──────── EXTRACTED INFORMATION ────────
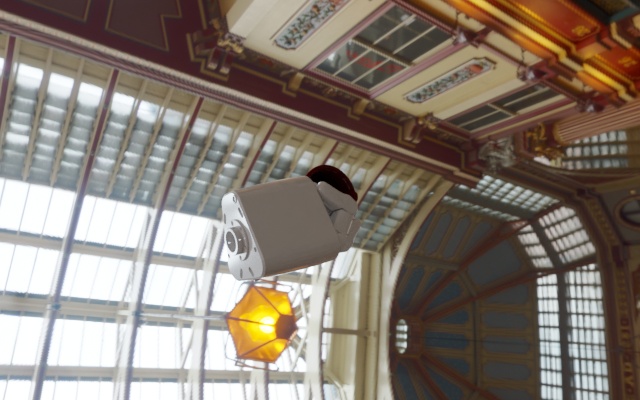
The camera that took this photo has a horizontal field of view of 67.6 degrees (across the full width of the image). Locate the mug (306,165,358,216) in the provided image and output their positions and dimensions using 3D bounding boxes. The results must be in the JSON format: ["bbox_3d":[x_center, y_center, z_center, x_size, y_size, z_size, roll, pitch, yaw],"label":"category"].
[{"bbox_3d":[0.001,0.002,0.688,0.117,0.093,0.081,-10,-5,-37],"label":"mug"}]
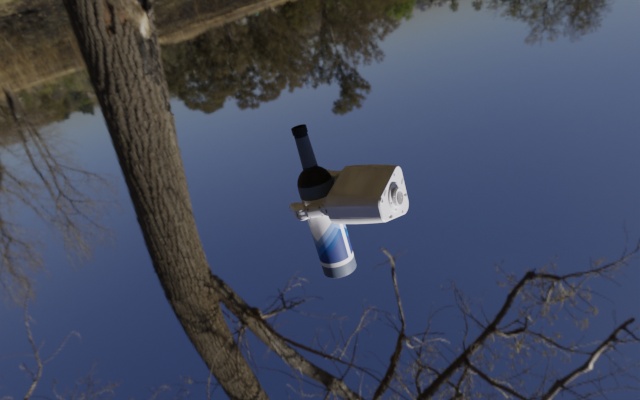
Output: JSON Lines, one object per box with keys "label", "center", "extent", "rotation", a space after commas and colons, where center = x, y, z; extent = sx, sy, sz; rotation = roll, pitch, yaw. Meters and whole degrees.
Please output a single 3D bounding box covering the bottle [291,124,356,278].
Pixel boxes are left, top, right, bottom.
{"label": "bottle", "center": [0.000, 0.003, 0.887], "extent": [0.069, 0.296, 0.069], "rotation": [-14, 21, 6]}
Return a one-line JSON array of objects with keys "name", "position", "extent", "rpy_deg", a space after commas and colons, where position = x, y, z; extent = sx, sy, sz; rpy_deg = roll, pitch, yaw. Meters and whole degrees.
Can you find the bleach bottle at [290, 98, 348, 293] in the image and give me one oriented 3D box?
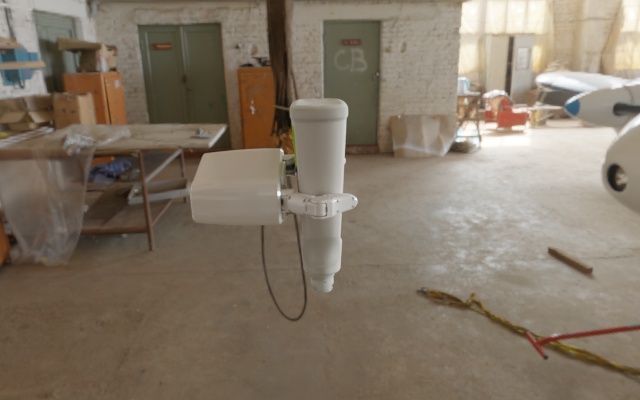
────────
- _WHAT TO WORK ON_
Every line from the one containing "Return a one-line" through the last line of the data, both included, is to be repeated exactly; the pictures are to be left out.

- _SOLUTION_
Return a one-line JSON array of objects with keys "name", "position", "extent", "rpy_deg", a space after commas and colons, where position = x, y, z; extent = sx, sy, sz; rpy_deg = roll, pitch, yaw. Meters and whole degrees.
Can you find the bleach bottle at [290, 98, 348, 293] in the image and give me one oriented 3D box?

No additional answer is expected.